Friday, August 13, 2010

Doing Well by Doing Good with FairPay -- Shared Social Responsibility and Pricing

Adding charitable giving to the pricing process can significantly increase total revenue and profit. This was the finding of a paper in the July 16 issue of Science that was reported recently on the Discover magazine blog. The finding was for charity combined with Pay What You Want pricing (PWYW), but the lesson seems equally applicable to charity combined with FairPay. FairPay builds on PWYW by adding feedback on buyer pricing that lets sellers decide whether to make further FairPay offers, as explained in the sidebar to the right.

As reported, PWYW+charity yielded significantly higher total profit than PWYW without charity, and also more than either a simple set-price, or set-price+charity.

Individually, the PWYW buyers paid less than the set-price buyers, but far more of them made a purchase. In this case the product was a photo of the participant taken during an amusement park ride. Purchase rates were very low with standard pricing (at $12.95) and only slightly higher when 50% of that price went to charity.

As summarized in the Discover blog, "...But when customers could pay what they wanted in the knowledge that half of that would go to charity, sales and profits went through the roof. Around 4.5% of the customers asked for a photo (up 9 times from the standard price plan), and on average, each one paid $5.33 for the privilege. Even after taking away the charitable donations, that still left Gneezy with a decent profit."

"This is a substantial result, especially since it came from a real setting. The theme park that Gneezy used stands to make another $600,000 a year in profits if it takes up her sales strategy. And just to be sure, Gneezy confirmed that sales at a nearby souvenir shop didn’t fall on the days when she ran her study. These extra profits weren’t coming at a cost to retailers elsewhere in the park."

These results suggest that combining FairPay with charity could have even better results, possibly even with much lower levels of charity, and thus higher profit. The charity component encourages people to buy and to pay a fair price, and the FairPay feedback process provides even more incentive to pay a fair price. I suggest that FairPay without charity will also prove very effective, and be more widely applicable, but the combination certainly seems worth trying.

Gneezy describes this use of charity as "shared social responsibility," a variation on "corporate social responsibility," which gets to issues of how corporations seek to build a more collaborative relationship with customers. I suggest that the FairPay pricing process is a complementary way to build more collaborative relationships, and to do so more directly and efficiently. Whether the combination is more or less effective than FairPay alone, remains to be seen, and probably depends on the details of the situation.

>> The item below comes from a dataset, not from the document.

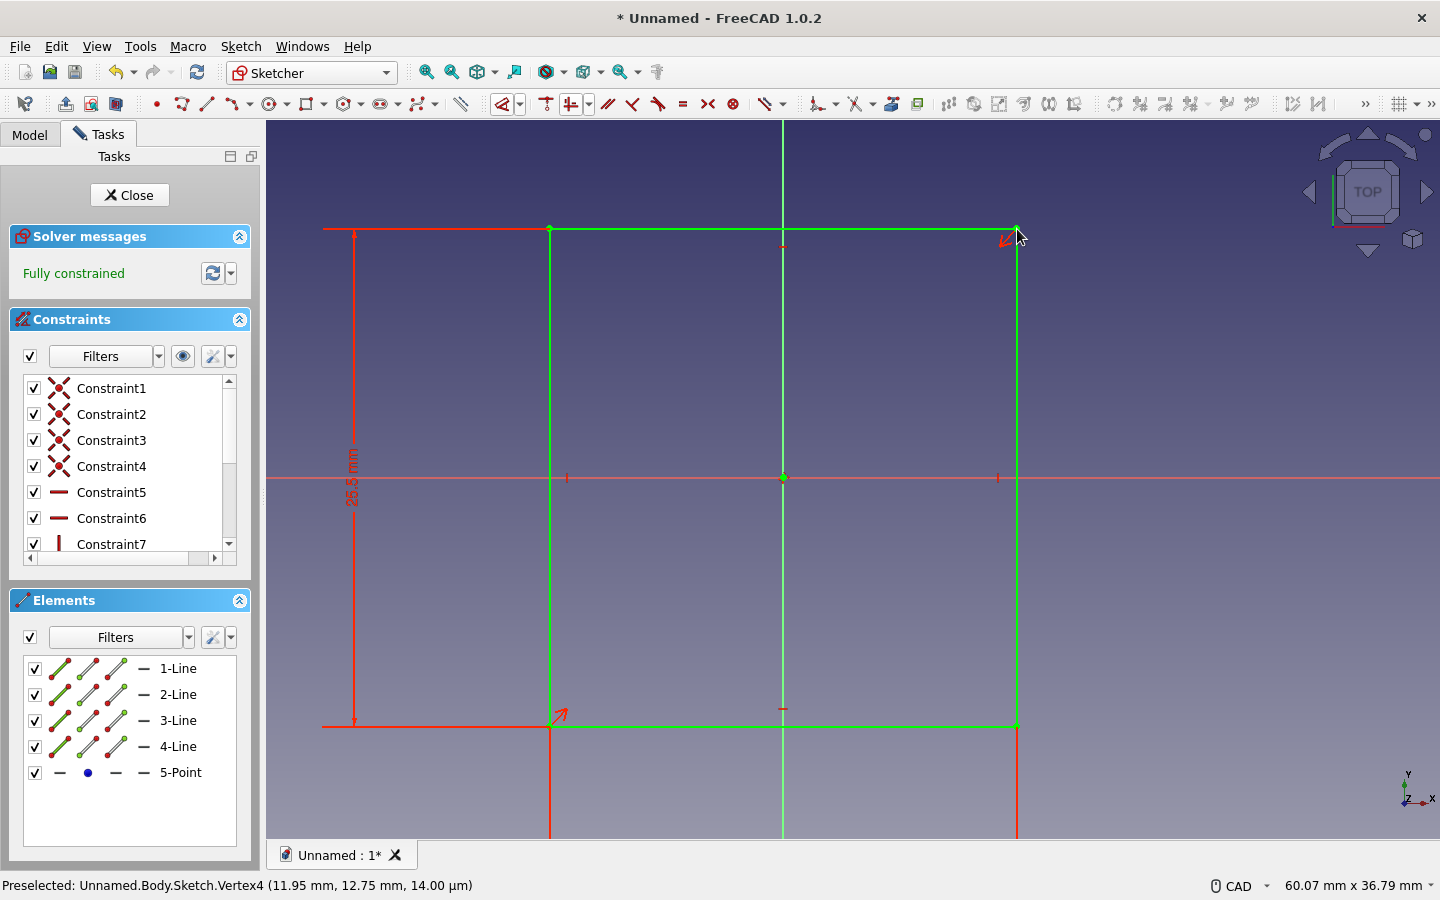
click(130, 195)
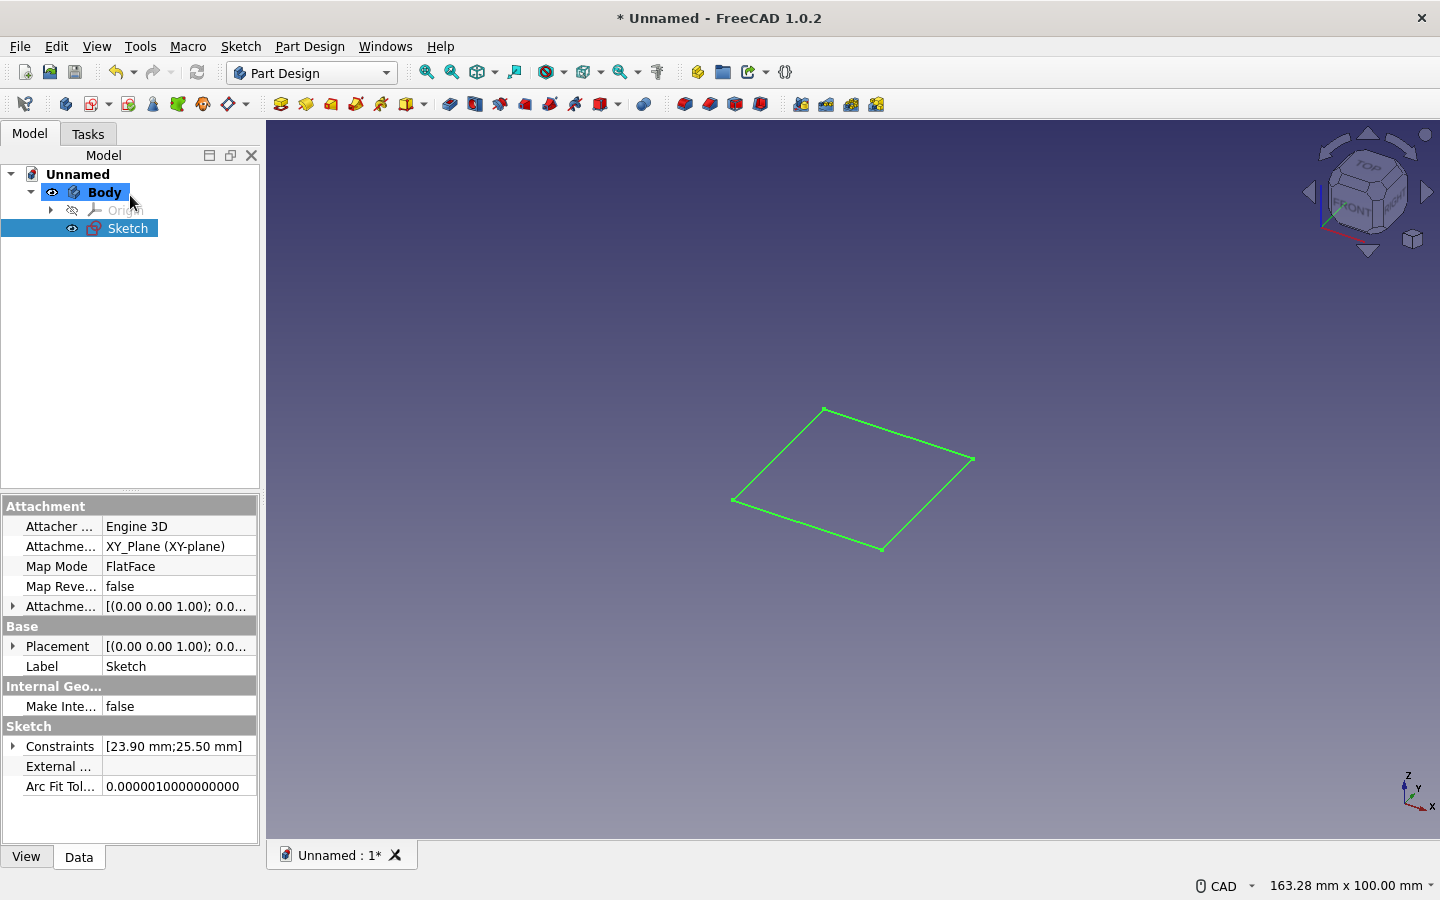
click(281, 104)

The charity contribution percentage could be fixed as it was in this experiment, or it might be at a user-specified rate. One real-world example of a PWYW offer with a buyer-specified rate of charity is from Camel Audio (until the end of August 2010). The suggested price is $59 (which seems to be the usual list price), and the suggested charity contribution is 50%. My test indicates this Web offer restricts payments to being between $1 and $100, but that it allows charity rates up to 100%.

The results of the Gneezy paper also show how much of the addressible market can be lost under conventional pricing. Sixteen times more people bought photos when given the ability to pay what they wanted (but they paid poorly), so that is not so attractive. But nine times more people bought with PWYW+charity -- and they paid at a rate that tripled profits!

Trying new pricing models takes time, effort, and some risk, but it would seem that the payoffs might be very large indeed. Businesses struggling with revenue models might be risking much more by not taking the plunge.